Connections - Reaction times, Lyme Disease and the photos.
I thought I might offer an explanation for the photos of the Barn Swallow
Was it luck? No, although I am still waiting to get the Osprey splashing in front of me. It comes with an idea. And so it was not luck but planning that enabled me to get the comet Hale-Bopp over the church in Odendorf on "Green Thursday"
or over the Effelsberg 100m radio telescope on Easter Sunday in 1997.
(These photos were on film and then digitized.)
Let me break the elements down.
1. Composition. I wanted the swallow scooping up water from the puddle. I saw it doing so several times and thought I should be able to manage a shot. But how?
2 Focal length. The bird flies very quickly so I estimated that I need a field of view comparable to the size of the puddle, about 7m long. Choose a lens or zoom focal length that includes about half the puddle. (Substitute your own noun for your shot.)
3 Focus. The event happens so quickly that the camera will not usually be able to follow the motion of such a tiny object - not necessarily always in the centre! You see the stone at the left edge of the puddle?
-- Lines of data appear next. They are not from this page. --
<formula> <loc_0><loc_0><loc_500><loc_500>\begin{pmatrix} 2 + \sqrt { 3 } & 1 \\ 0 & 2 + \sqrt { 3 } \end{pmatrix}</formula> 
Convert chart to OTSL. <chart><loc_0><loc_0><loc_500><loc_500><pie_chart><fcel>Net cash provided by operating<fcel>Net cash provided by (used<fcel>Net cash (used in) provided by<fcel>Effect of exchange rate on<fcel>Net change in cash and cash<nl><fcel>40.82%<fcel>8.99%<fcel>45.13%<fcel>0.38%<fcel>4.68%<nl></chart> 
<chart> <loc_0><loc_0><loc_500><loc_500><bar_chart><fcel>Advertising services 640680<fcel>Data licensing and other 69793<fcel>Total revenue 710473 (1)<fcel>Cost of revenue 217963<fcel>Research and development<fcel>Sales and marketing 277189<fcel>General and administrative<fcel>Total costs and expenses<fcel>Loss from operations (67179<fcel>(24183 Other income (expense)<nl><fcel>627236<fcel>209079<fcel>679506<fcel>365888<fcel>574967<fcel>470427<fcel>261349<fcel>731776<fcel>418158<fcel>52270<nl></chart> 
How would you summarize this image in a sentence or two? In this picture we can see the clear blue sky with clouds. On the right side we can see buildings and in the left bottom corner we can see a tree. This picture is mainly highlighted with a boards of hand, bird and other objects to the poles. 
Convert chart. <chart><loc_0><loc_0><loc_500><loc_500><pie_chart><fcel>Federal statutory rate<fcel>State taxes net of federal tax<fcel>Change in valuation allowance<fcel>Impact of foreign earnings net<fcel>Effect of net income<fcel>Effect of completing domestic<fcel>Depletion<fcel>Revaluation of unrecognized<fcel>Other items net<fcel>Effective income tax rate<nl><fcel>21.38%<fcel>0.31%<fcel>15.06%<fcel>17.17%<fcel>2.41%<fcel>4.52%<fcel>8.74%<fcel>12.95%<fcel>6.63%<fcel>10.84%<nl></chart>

I zoomed in on it and used the auto focus for it and then switched to manual and increased the focus to a distance a meter or so beyond. Then I returned to the focal length covering half the puddle.
4. I didn't do the following but I would another time: set the ISO, shutter speed and aperture.
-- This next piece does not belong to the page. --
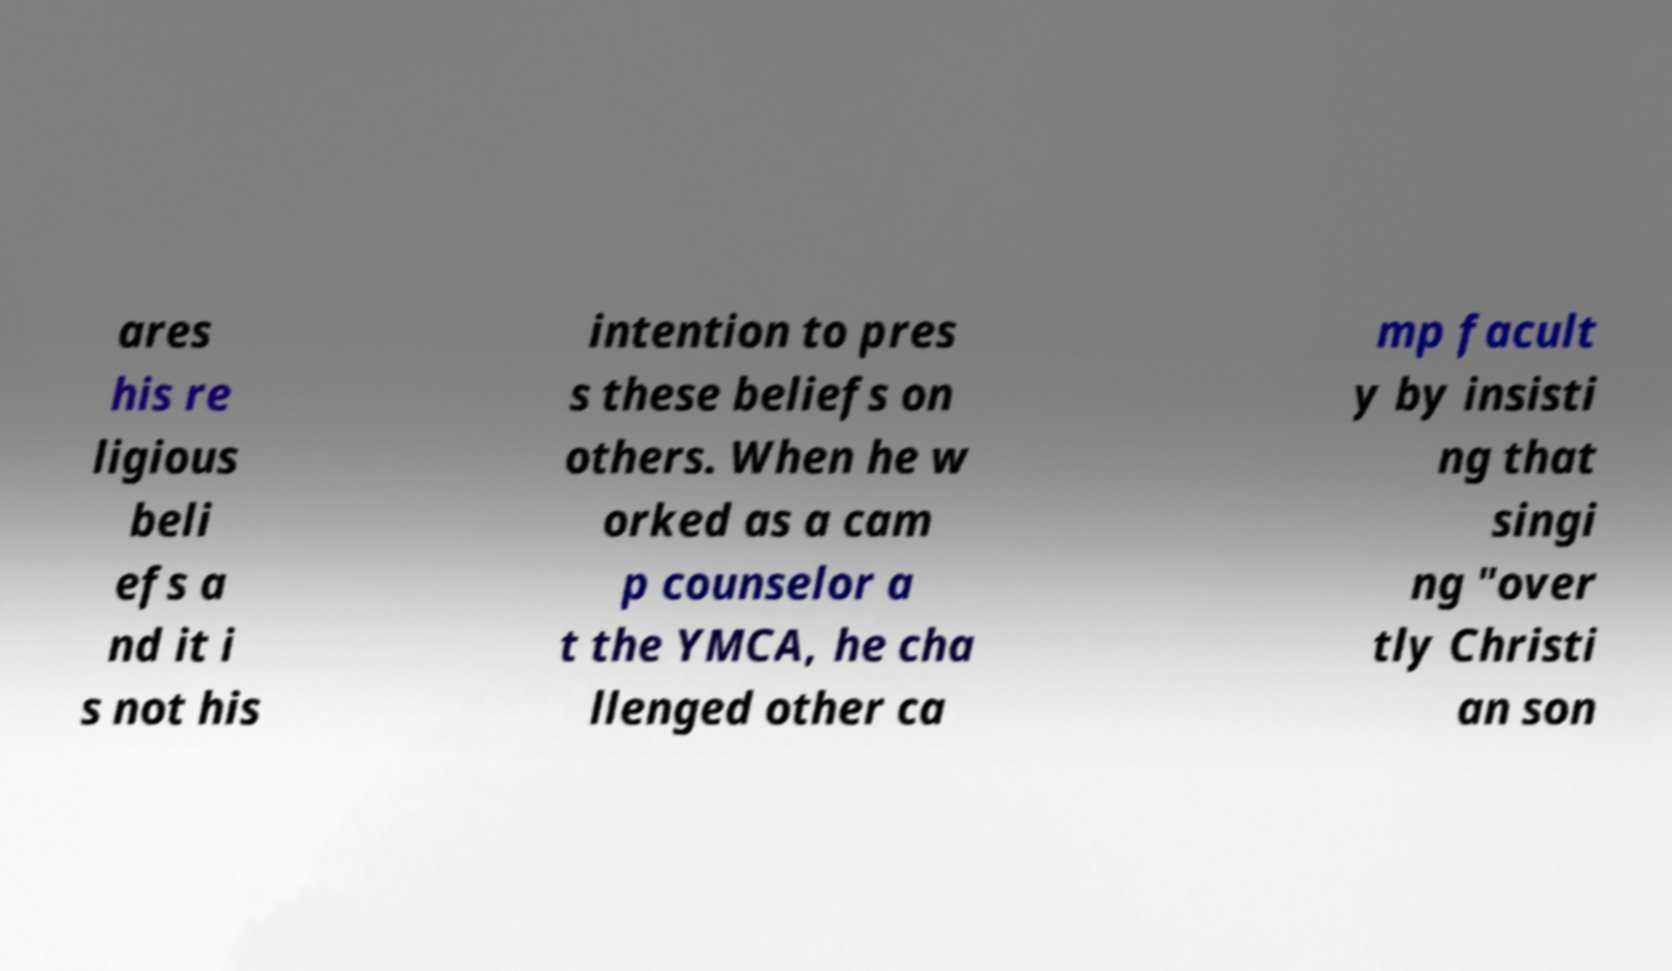For documentation purposes, I need the text within this image transcribed. Could you provide that? ares his re ligious beli efs a nd it i s not his intention to pres s these beliefs on others. When he w orked as a cam p counselor a t the YMCA, he cha llenged other ca mp facult y by insisti ng that singi ng "over tly Christi an son

Now I must confess that the first image was a "frame grab" from a video.
However, I caught the bird in the first frame and then never again. That was on day 1. That was when I started thinking!
How fast is the bird flying? I don't know but let me pull a rabbit from the top of my head: 72kmh or 72000 meters in 3600 seconds (meters per hour). I get 20m per second, or a flyover the
puddle in circa .25 seconds.
An aside, I. At the European Southern Observatory, telescope domes were closed at wind velocities over 18m/s because dust was being picked up by the wind and was blown against optic surfaces. I experienced such high winds in June 1972.
An aside, II. Human reaction time is approx 0.2seconds - the reason for fail starts in sprint events when the reaction of the sprinter is faster than that. Last year at Science North, Sudbury there was an experiment set up for visitors - and staff! - to try out their times. I actually had mine measured in 2004 and that lead eventually to discovering I had Lyme Disease.
(The Lyme-related Borrelia species are collectively known as Borrelia burgdorferi sensu lato, and show a great deal of genetic diversity. )
An electric shock was applied to my head and the time taken to reach my toes recorded. The speed ought to have been 50m/sec, and hence the reaction time for a 2m tall person of 0.2 sec. - science!. In my case the speed was 15m per sec - so I would have been a slow starter. (Actually in High School, Grade XII, I ran the 100m sprint in 13 sec, and the 200m in 24sec, faster over the 2nd 100m because there was no 2nd start which would be "slow".)
Pan. Track your target through the camera lens and shoot when it is nearly at the composition centre - allow for reaction time and camera shutter "delay" or inertia and your object will be very close to "spot on" as seen by the swallow, mouth open over the water. Panning is not obvious in this crop but in the next shot there is considerable motion blur in the background while the swallow is nearly sharp.
Here are the 2 cropped shots followed by the original, just resized:
Hope this has helped demystify the shots and not been a conceit?